I've been fascinated by mobs, especially groups of people that get together seemingly for no other reason than just to be around other people. Pure groups. When large masses of people form, its not surprising that bizarre things happen. It's surprising when nothing abnormal happens.
The base of a political theory has to, at base, join up with the way masses of people function. Thurman Arnold begins The Folklore of Capitalism with this premise: "Today, when sophisticated men speak of democracy as the only workable method of government, they mean that government which does not carry its people along with it emotionally, which depends on force, is insecure." The need to connect with the enthusiams of the body politic is a cold fact recognized by leaders across the political spectrum.
Since our institutions are built to respond to the enthusiasms of masses of people, it would help to understand a little about the dynamics of groups of people. Arnold argues that since individuals are full of contradictory drives and goals, then the groups they form are full of contradiction. Thus, at heart, we want our leaders to reflect the contradictions we all feel. Bill Clinton was such a successfull politician because of his foibles. Whole organizations have to reflect the full spectrum of forces acting between and through individuals: "Thus the American industrial organization is a hard-boiled trader, a scholar, a patron of modern architecture, a thrifty housewife, a philanthropist, a statesman preaching sound principles of government, a patriot, and a sentimental protector of widows and orphans at the same time."
Individuals have an infinite capacity to contradict themselves. This capacity is only amplified when lots of them get together. The bulls are actually women on roller skates. New Orleans is not Pamplona. There is no danger of goring. And yet everyone becomes what they are not and runs screaming down the street. Nothing is produced except enthusiasm. There is no ulterior motive. Por qué no?
Organization
The New Orleans running of the bulls as about as close as you can get to the abstract limit of pure-getting-together-without-an-ulterior-motive. In general the enthusiasm of groups is organized towards some end: "political realism about democracy was brought home to us by the success of the dictatorships in Russia and Germany. In these countries the revolutionary governments undertook deliberately to arouse the intense enthusiasm of their poples and to keep it at a high pitch. The method used was not rational; it was the rhythm of uniforms, salutes, marching feet, and national games..." As Arnold recognizes, an organized body can be formed out of a mob by using rhythm, music, and ceremony in general. The undetermined enthusiasm created by what William McNeil? calls "Moving together in time" -- marching, saluting, moving rhythmically with others -- is given content. Music, to take only one tool that can form a unified body out of a mob, works because, like drives that respond to rhythm, it does not know the law of non-contradiction. Whoever, or whatever, attaches himself to music can take on the ability to (temporarily) resolve the contradictions that run through a group.

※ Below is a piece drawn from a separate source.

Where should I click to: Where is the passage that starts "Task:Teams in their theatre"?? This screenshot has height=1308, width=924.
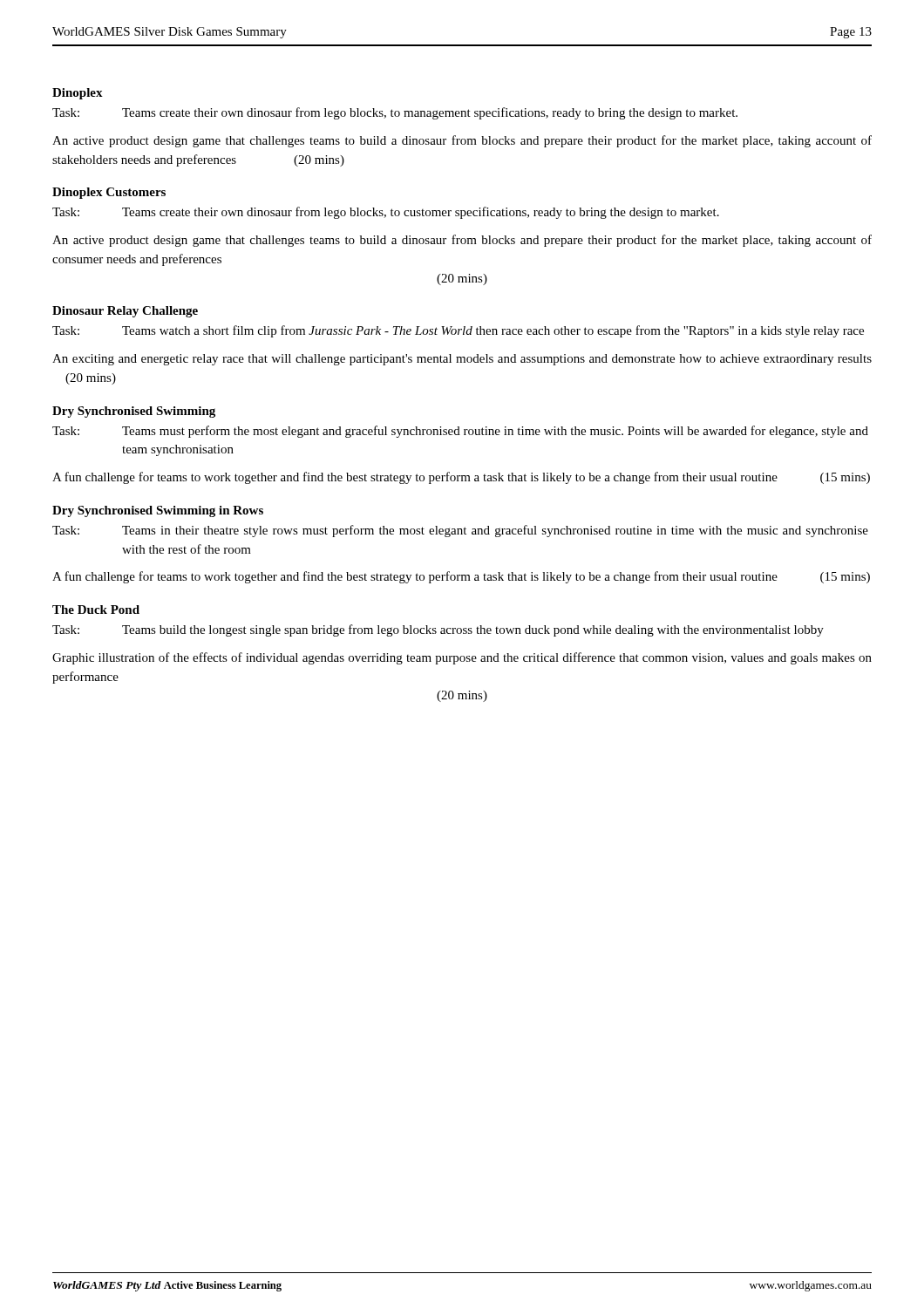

The organization of a body of people by music is most clearly seen at a concert of purely instrumental music. There is no content to a Mozart symphony. The musicians are playing with pure organization. The anxiety and tension created by a piece of music is produced by the danger of it all "falling apart". A (classical at least) composer approaches the edge of what a listener can keep organized in their head, only to bring it back from the abyss. This pure organization creates a body politic without a goal, without a content. It can do this because it suspends the law of non-contradiction for a period of time. Sometimes, though, it can all "fall apart". Take the response to the first performance of Stravinski's The Rite of Spring as an instance of the composer leading a group of people to an organization that was just too foreign. Or for the reverse processs, take the end of Robert Altman's movie Nashville. During a concert sponsored by a political canidate the diva is killed. It looks like a riot is about to break out. The other star singer, who has political ambitions, grabs the microphone and yells: "This is Nashville, you show 'em what we're made of. They can't do this to us here in Nashville. Okay, everybody, sing!" And as a young woman steps into the fallen diva's shoes, everyone sings: "You may say I ain't free. It don't worry me."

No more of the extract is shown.